Exercise prompt: Word for word, and with pictures excluded, copy out all the records that follow.

Stored items:
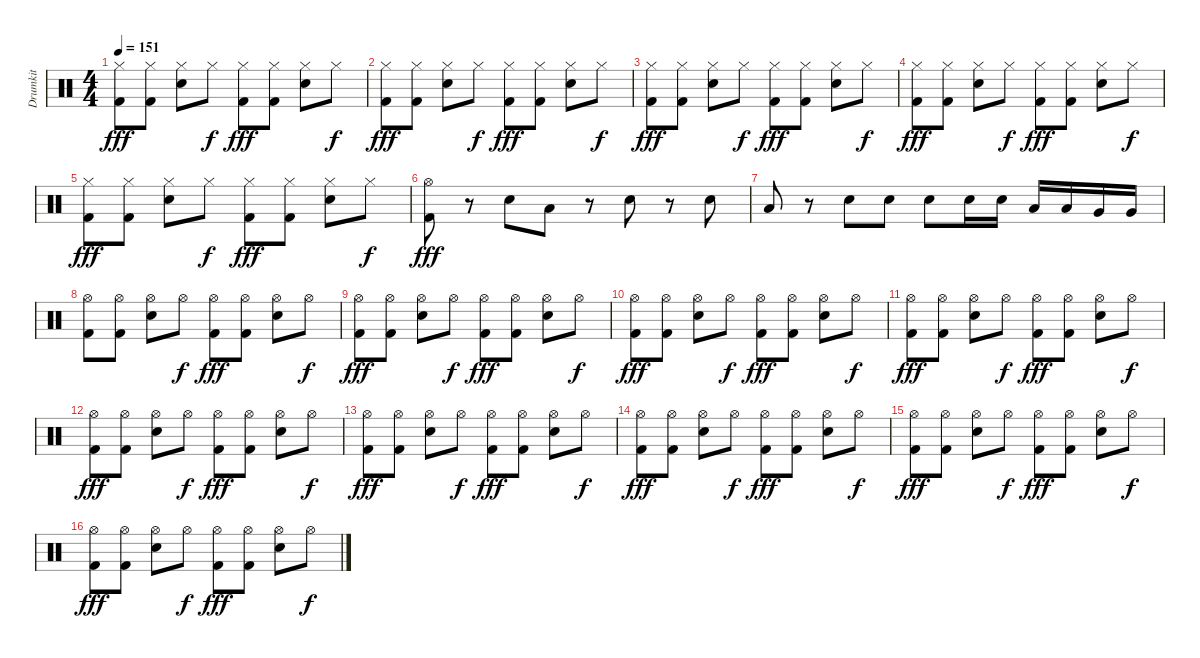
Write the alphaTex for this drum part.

\track ("Drumkit" "Drumkit") {instrument percussion}
\staff {score}
\articulation defaults
\ts (4 4)
\tempo 151
\clef neutral
\ks c
("Kick (hit) 2" "Hi-Hat (closed)").8{dy fff} ("Kick (hit) 2" "Hi-Hat (closed)").8 ("Electric Snare (hit)" "Hi-Hat (closed)").8 "Hi-Hat (closed)".8{dy f} ("Kick (hit) 2" "Hi-Hat (closed)").8{dy fff} ("Kick (hit) 2" "Hi-Hat (closed)").8 ("Electric Snare (hit)" "Hi-Hat (closed)").8 "Hi-Hat (closed)".8{dy f} |
("Kick (hit) 2" "Hi-Hat (closed)").8{dy fff} ("Kick (hit) 2" "Hi-Hat (closed)").8 ("Electric Snare (hit)" "Hi-Hat (closed)").8 "Hi-Hat (closed)".8{dy f} ("Kick (hit) 2" "Hi-Hat (closed)").8{dy fff} ("Kick (hit) 2" "Hi-Hat (closed)").8 ("Electric Snare (hit)" "Hi-Hat (closed)").8 "Hi-Hat (closed)".8{dy f} |
("Kick (hit) 2" "Hi-Hat (closed)").8{dy fff} ("Kick (hit) 2" "Hi-Hat (closed)").8 ("Electric Snare (hit)" "Hi-Hat (closed)").8 "Hi-Hat (closed)".8{dy f} ("Kick (hit) 2" "Hi-Hat (closed)").8{dy fff} ("Kick (hit) 2" "Hi-Hat (closed)").8 ("Electric Snare (hit)" "Hi-Hat (closed)").8 "Hi-Hat (closed)".8{dy f} |
("Kick (hit) 2" "Hi-Hat (closed)").8{dy fff} ("Kick (hit) 2" "Hi-Hat (closed)").8 ("Electric Snare (hit)" "Hi-Hat (closed)").8 "Hi-Hat (closed)".8{dy f} ("Kick (hit) 2" "Hi-Hat (closed)").8{dy fff} ("Kick (hit) 2" "Hi-Hat (closed)").8 ("Electric Snare (hit)" "Hi-Hat (closed)").8 "Hi-Hat (closed)".8{dy f} |
("Kick (hit) 2" "Hi-Hat (closed)").8{dy fff} ("Kick (hit) 2" "Hi-Hat (closed)").8 ("Electric Snare (hit)" "Hi-Hat (closed)").8 "Hi-Hat (closed)".8{dy f} ("Kick (hit) 2" "Hi-Hat (closed)").8{dy fff} ("Kick (hit) 2" "Hi-Hat (closed)").8 ("Electric Snare (hit)" "Hi-Hat (closed)").8 "Hi-Hat (closed)".8{dy f} |
("Kick (hit) 2" "Hi-Hat (open)").8{dy fff} r.8 "Electric Snare (hit)".8 "Low Tom (hit)".8 r.8 "Electric Snare (hit)".8 r.8 "Electric Snare (hit)".8 |
"Low Tom (hit)".8 r.8 "Electric Snare (hit)".8 "Electric Snare (hit)".8 "Electric Snare (hit)".8 "Electric Snare (hit)".16 "Electric Snare (hit)".16 "Low Tom (hit)".16 "Low Tom (hit)".16 "Very Low Tom (hit)".16 "Very Low Tom (hit)".16 |
("Kick (hit) 2" "Hi-Hat (open)").8 ("Hi-Hat (open)" "Kick (hit) 2").8 ("Electric Snare (hit)" "Hi-Hat (open)").8 "Hi-Hat (open)".8{dy f} ("Kick (hit) 2" "Hi-Hat (open)").8{dy fff} ("Kick (hit) 2" "Hi-Hat (open)").8 ("Electric Snare (hit)" "Hi-Hat (open)").8 "Hi-Hat (open)".8{dy f} |
("Kick (hit) 2" "Hi-Hat (open)").8{dy fff} ("Hi-Hat (open)" "Kick (hit) 2").8 ("Electric Snare (hit)" "Hi-Hat (open)").8 "Hi-Hat (open)".8{dy f} ("Kick (hit) 2" "Hi-Hat (open)").8{dy fff} ("Kick (hit) 2" "Hi-Hat (open)").8 ("Electric Snare (hit)" "Hi-Hat (open)").8 "Hi-Hat (open)".8{dy f} |
("Kick (hit) 2" "Hi-Hat (open)").8{dy fff} ("Hi-Hat (open)" "Kick (hit) 2").8 ("Electric Snare (hit)" "Hi-Hat (open)").8 "Hi-Hat (open)".8{dy f} ("Kick (hit) 2" "Hi-Hat (open)").8{dy fff} ("Kick (hit) 2" "Hi-Hat (open)").8 ("Electric Snare (hit)" "Hi-Hat (open)").8 "Hi-Hat (open)".8{dy f} |
("Kick (hit) 2" "Hi-Hat (open)").8{dy fff} ("Hi-Hat (open)" "Kick (hit) 2").8 ("Electric Snare (hit)" "Hi-Hat (open)").8 "Hi-Hat (open)".8{dy f} ("Kick (hit) 2" "Hi-Hat (open)").8{dy fff} ("Kick (hit) 2" "Hi-Hat (open)").8 ("Electric Snare (hit)" "Hi-Hat (open)").8 "Hi-Hat (open)".8{dy f} |
("Kick (hit) 2" "Hi-Hat (open)").8{dy fff} ("Hi-Hat (open)" "Kick (hit) 2").8 ("Electric Snare (hit)" "Hi-Hat (open)").8 "Hi-Hat (open)".8{dy f} ("Kick (hit) 2" "Hi-Hat (open)").8{dy fff} ("Kick (hit) 2" "Hi-Hat (open)").8 ("Electric Snare (hit)" "Hi-Hat (open)").8 "Hi-Hat (open)".8{dy f} |
("Kick (hit) 2" "Hi-Hat (open)").8{dy fff} ("Hi-Hat (open)" "Kick (hit) 2").8 ("Electric Snare (hit)" "Hi-Hat (open)").8 "Hi-Hat (open)".8{dy f} ("Kick (hit) 2" "Hi-Hat (open)").8{dy fff} ("Kick (hit) 2" "Hi-Hat (open)").8 ("Electric Snare (hit)" "Hi-Hat (open)").8 "Hi-Hat (open)".8{dy f} |
("Kick (hit) 2" "Hi-Hat (open)").8{dy fff} ("Hi-Hat (open)" "Kick (hit) 2").8 ("Electric Snare (hit)" "Hi-Hat (open)").8 "Hi-Hat (open)".8{dy f} ("Kick (hit) 2" "Hi-Hat (open)").8{dy fff} ("Kick (hit) 2" "Hi-Hat (open)").8 ("Electric Snare (hit)" "Hi-Hat (open)").8 "Hi-Hat (open)".8{dy f} |
("Kick (hit) 2" "Hi-Hat (open)").8{dy fff} ("Hi-Hat (open)" "Kick (hit) 2").8 ("Electric Snare (hit)" "Hi-Hat (open)").8 "Hi-Hat (open)".8{dy f} ("Kick (hit) 2" "Hi-Hat (open)").8{dy fff} ("Kick (hit) 2" "Hi-Hat (open)").8 ("Electric Snare (hit)" "Hi-Hat (open)").8 "Hi-Hat (open)".8{dy f} |
("Kick (hit) 2" "Hi-Hat (open)").8{dy fff} ("Hi-Hat (open)" "Kick (hit) 2").8 ("Electric Snare (hit)" "Hi-Hat (open)").8 "Hi-Hat (open)".8{dy f} ("Kick (hit) 2" "Hi-Hat (open)").8{dy fff} ("Kick (hit) 2" "Hi-Hat (open)").8 ("Electric Snare (hit)" "Hi-Hat (open)").8 "Hi-Hat (open)".8{dy f}

Finished task:
Write the alphaTex for this drum part.

\track ("Drumkit" "Drumkit") {instrument percussion}
\staff {score}
\articulation defaults
\ts (4 4)
\tempo 151
\clef neutral
\ks c
("Kick (hit) 2" "Hi-Hat (closed)").8{dy fff} ("Kick (hit) 2" "Hi-Hat (closed)").8 ("Electric Snare (hit)" "Hi-Hat (closed)").8 "Hi-Hat (closed)".8{dy f} ("Kick (hit) 2" "Hi-Hat (closed)").8{dy fff} ("Kick (hit) 2" "Hi-Hat (closed)").8 ("Electric Snare (hit)" "Hi-Hat (closed)").8 "Hi-Hat (closed)".8{dy f} |
("Kick (hit) 2" "Hi-Hat (closed)").8{dy fff} ("Kick (hit) 2" "Hi-Hat (closed)").8 ("Electric Snare (hit)" "Hi-Hat (closed)").8 "Hi-Hat (closed)".8{dy f} ("Kick (hit) 2" "Hi-Hat (closed)").8{dy fff} ("Kick (hit) 2" "Hi-Hat (closed)").8 ("Electric Snare (hit)" "Hi-Hat (closed)").8 "Hi-Hat (closed)".8{dy f} |
("Kick (hit) 2" "Hi-Hat (closed)").8{dy fff} ("Kick (hit) 2" "Hi-Hat (closed)").8 ("Electric Snare (hit)" "Hi-Hat (closed)").8 "Hi-Hat (closed)".8{dy f} ("Kick (hit) 2" "Hi-Hat (closed)").8{dy fff} ("Kick (hit) 2" "Hi-Hat (closed)").8 ("Electric Snare (hit)" "Hi-Hat (closed)").8 "Hi-Hat (closed)".8{dy f} |
("Kick (hit) 2" "Hi-Hat (closed)").8{dy fff} ("Kick (hit) 2" "Hi-Hat (closed)").8 ("Electric Snare (hit)" "Hi-Hat (closed)").8 "Hi-Hat (closed)".8{dy f} ("Kick (hit) 2" "Hi-Hat (closed)").8{dy fff} ("Kick (hit) 2" "Hi-Hat (closed)").8 ("Electric Snare (hit)" "Hi-Hat (closed)").8 "Hi-Hat (closed)".8{dy f} |
("Kick (hit) 2" "Hi-Hat (closed)").8{dy fff} ("Kick (hit) 2" "Hi-Hat (closed)").8 ("Electric Snare (hit)" "Hi-Hat (closed)").8 "Hi-Hat (closed)".8{dy f} ("Kick (hit) 2" "Hi-Hat (closed)").8{dy fff} ("Kick (hit) 2" "Hi-Hat (closed)").8 ("Electric Snare (hit)" "Hi-Hat (closed)").8 "Hi-Hat (closed)".8{dy f} |
("Kick (hit) 2" "Hi-Hat (open)").8{dy fff} r.8 "Electric Snare (hit)".8 "Low Tom (hit)".8 r.8 "Electric Snare (hit)".8 r.8 "Electric Snare (hit)".8 |
"Low Tom (hit)".8 r.8 "Electric Snare (hit)".8 "Electric Snare (hit)".8 "Electric Snare (hit)".8 "Electric Snare (hit)".16 "Electric Snare (hit)".16 "Low Tom (hit)".16 "Low Tom (hit)".16 "Very Low Tom (hit)".16 "Very Low Tom (hit)".16 |
("Kick (hit) 2" "Hi-Hat (open)").8 ("Hi-Hat (open)" "Kick (hit) 2").8 ("Electric Snare (hit)" "Hi-Hat (open)").8 "Hi-Hat (open)".8{dy f} ("Kick (hit) 2" "Hi-Hat (open)").8{dy fff} ("Kick (hit) 2" "Hi-Hat (open)").8 ("Electric Snare (hit)" "Hi-Hat (open)").8 "Hi-Hat (open)".8{dy f} |
("Kick (hit) 2" "Hi-Hat (open)").8{dy fff} ("Hi-Hat (open)" "Kick (hit) 2").8 ("Electric Snare (hit)" "Hi-Hat (open)").8 "Hi-Hat (open)".8{dy f} ("Kick (hit) 2" "Hi-Hat (open)").8{dy fff} ("Kick (hit) 2" "Hi-Hat (open)").8 ("Electric Snare (hit)" "Hi-Hat (open)").8 "Hi-Hat (open)".8{dy f} |
("Kick (hit) 2" "Hi-Hat (open)").8{dy fff} ("Hi-Hat (open)" "Kick (hit) 2").8 ("Electric Snare (hit)" "Hi-Hat (open)").8 "Hi-Hat (open)".8{dy f} ("Kick (hit) 2" "Hi-Hat (open)").8{dy fff} ("Kick (hit) 2" "Hi-Hat (open)").8 ("Electric Snare (hit)" "Hi-Hat (open)").8 "Hi-Hat (open)".8{dy f} |
("Kick (hit) 2" "Hi-Hat (open)").8{dy fff} ("Hi-Hat (open)" "Kick (hit) 2").8 ("Electric Snare (hit)" "Hi-Hat (open)").8 "Hi-Hat (open)".8{dy f} ("Kick (hit) 2" "Hi-Hat (open)").8{dy fff} ("Kick (hit) 2" "Hi-Hat (open)").8 ("Electric Snare (hit)" "Hi-Hat (open)").8 "Hi-Hat (open)".8{dy f} |
("Kick (hit) 2" "Hi-Hat (open)").8{dy fff} ("Hi-Hat (open)" "Kick (hit) 2").8 ("Electric Snare (hit)" "Hi-Hat (open)").8 "Hi-Hat (open)".8{dy f} ("Kick (hit) 2" "Hi-Hat (open)").8{dy fff} ("Kick (hit) 2" "Hi-Hat (open)").8 ("Electric Snare (hit)" "Hi-Hat (open)").8 "Hi-Hat (open)".8{dy f} |
("Kick (hit) 2" "Hi-Hat (open)").8{dy fff} ("Hi-Hat (open)" "Kick (hit) 2").8 ("Electric Snare (hit)" "Hi-Hat (open)").8 "Hi-Hat (open)".8{dy f} ("Kick (hit) 2" "Hi-Hat (open)").8{dy fff} ("Kick (hit) 2" "Hi-Hat (open)").8 ("Electric Snare (hit)" "Hi-Hat (open)").8 "Hi-Hat (open)".8{dy f} |
("Kick (hit) 2" "Hi-Hat (open)").8{dy fff} ("Hi-Hat (open)" "Kick (hit) 2").8 ("Electric Snare (hit)" "Hi-Hat (open)").8 "Hi-Hat (open)".8{dy f} ("Kick (hit) 2" "Hi-Hat (open)").8{dy fff} ("Kick (hit) 2" "Hi-Hat (open)").8 ("Electric Snare (hit)" "Hi-Hat (open)").8 "Hi-Hat (open)".8{dy f} |
("Kick (hit) 2" "Hi-Hat (open)").8{dy fff} ("Hi-Hat (open)" "Kick (hit) 2").8 ("Electric Snare (hit)" "Hi-Hat (open)").8 "Hi-Hat (open)".8{dy f} ("Kick (hit) 2" "Hi-Hat (open)").8{dy fff} ("Kick (hit) 2" "Hi-Hat (open)").8 ("Electric Snare (hit)" "Hi-Hat (open)").8 "Hi-Hat (open)".8{dy f} |
("Kick (hit) 2" "Hi-Hat (open)").8{dy fff} ("Hi-Hat (open)" "Kick (hit) 2").8 ("Electric Snare (hit)" "Hi-Hat (open)").8 "Hi-Hat (open)".8{dy f} ("Kick (hit) 2" "Hi-Hat (open)").8{dy fff} ("Kick (hit) 2" "Hi-Hat (open)").8 ("Electric Snare (hit)" "Hi-Hat (open)").8 "Hi-Hat (open)".8{dy f}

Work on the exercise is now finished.